Марина Борисовна вообще любила студентов, всех, способных и тупиц, прилежных и лежебок, а Гарусова еще отдельно полюбила за то, что он был такой маленький и четкий, усердно ел и был, по-видимому, горячо увлечен работой. Особыми талантами он не блистал, но была в нем некая скромная самостоятельность. Выслушает почтительно, не возражая, а сделает по-своему и, глядишь, лучше, чем предлагала Марина Борисовна. Свою нехитрую и малооригинальную конструкцию он оттачивал почти два года, после чего выступил с докладом на конференции, где вел себя скромно, но с достоинством, и хорошо отвечал на вопросы. Марина Борисовна так и сияла. Конструкция, работавшая вполне исправно, нашла свое место на полках постоянной выставки.
* * *
Гарусов окончил институт одним из первых по успеваемости, но, будучи малозаметным, предложения в аспирантуру не получил. На распределении его направили в Воронеж, инженером НИИ. Гарусов против назначения не возражал. Зоя тоже не возражала, даже была рада: очень уж стал в Ленинграде за последнее время пронзительный климат, вот и Ниночка желтая стала и часто болеет.
Собрались и поехали, в мягком вагоне. Ниночка липла к окну, ахала на каждую водокачку. Проводница разносила чай.

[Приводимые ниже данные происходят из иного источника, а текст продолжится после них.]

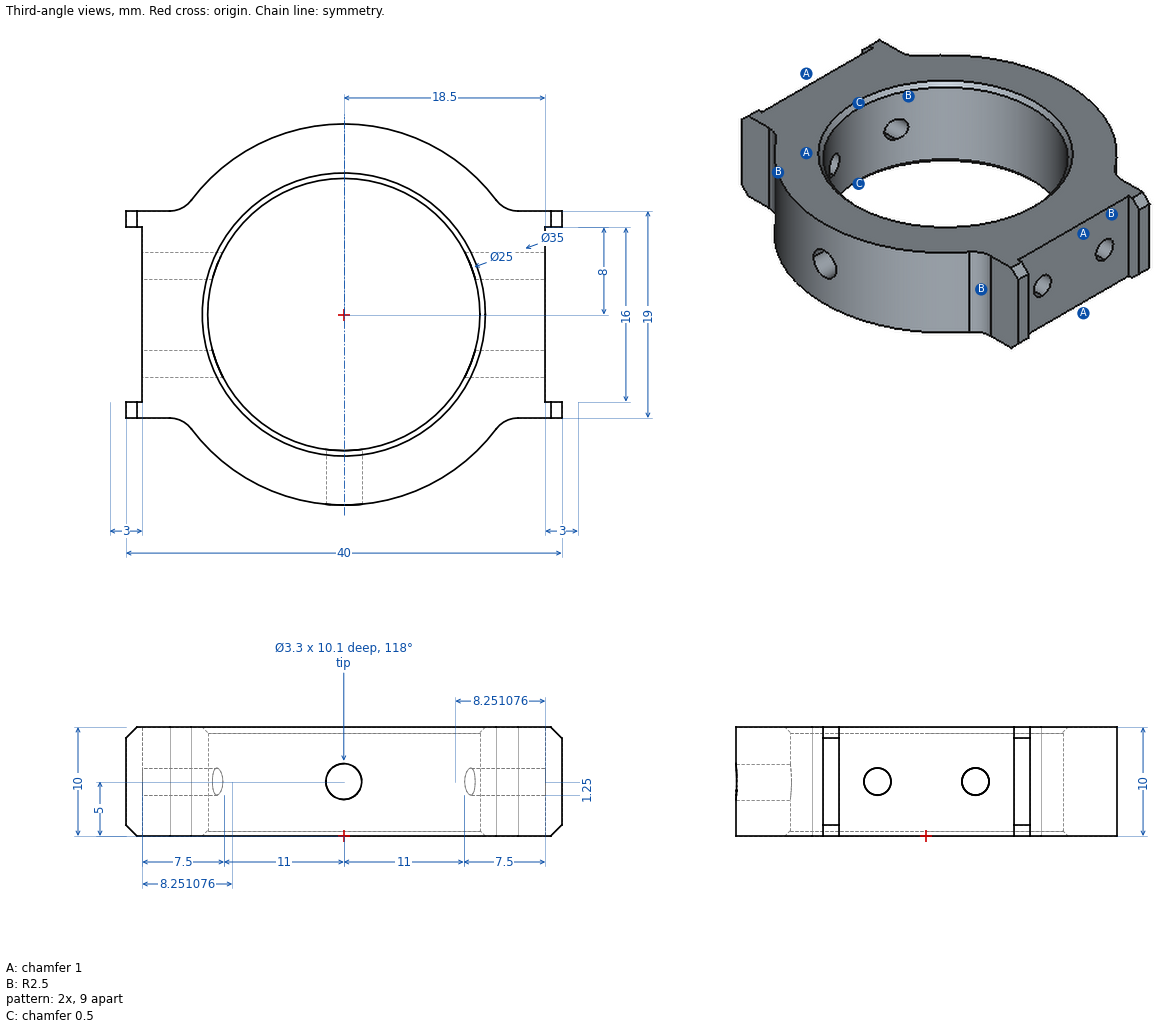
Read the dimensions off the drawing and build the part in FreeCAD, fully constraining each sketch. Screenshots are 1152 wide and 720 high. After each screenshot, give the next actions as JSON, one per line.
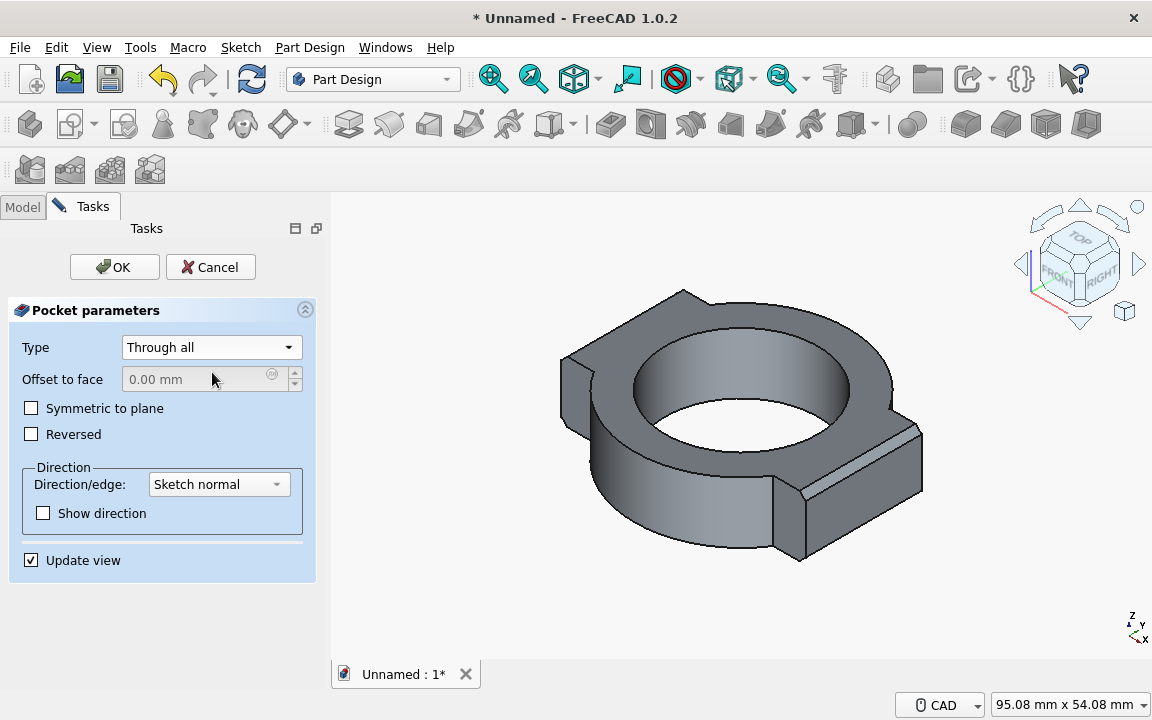
{"action": "left_click", "coordinate": [115, 267]}

Зоя покачивалась на мягком диване и думала: «Вот и слава богу, едем к себе домой, трое нас, настоящая семья». Гарусов был невесел. Он, ленинградец, покидал Ленинград. Он тоже смотрел в окно. Взгляд его, словно при чтении, бежал прилежно за каждым предметом до самого края окна и, стукнувшись о раму, скачком возвращался назад.
На новом месте Гарусовы устроились неплохо. Вначале, с полгода, жили в общежитии для семейных, в узкой и непомерно высокой комнате с каменным полом (до революции тут были казармы). На весь этаж была одна кухня с четырьмя газовыми плитами, шестнадцать конфорок, и то не хватало. С утра до ночи здесь гомонили, стряпали, стирали, порою ссорились молодые хозяйки (старых почти что не было), а маленькие дети цеплялись за их подолы и фартуки, требуя внимания. Время от времени кто-нибудь из малышей падал, гулко стукнувшись головой о каменный пол. Начинался рев и хлопотня, ребенку оказывали первую помощь, и вся кухня объединялась во встревоженном сострадании. Тем временем на плите что-то пригорало, и хозяйки с той же озабоченностью бросались спасать пригоревшее. Впрочем, пригорало часто и без происшествий. Были такие специалистки, у которых всегда пригорало. Особенно этим отличалась аспирантка Галя, высокая бледнушка в очках, которая и на кухню-то выходила не иначе как с книгой. Муж ее Сережа, тоже аспирант и тоже в очках, помогал жене во всем, в очередь с нею готовил, дежурил по кухне, стирал пеленки и гулял с шестимесячным сыном. Сына звали Икаром, он был толст, неповоротлив и мудр и все говорил сам с собою на голубином наречии.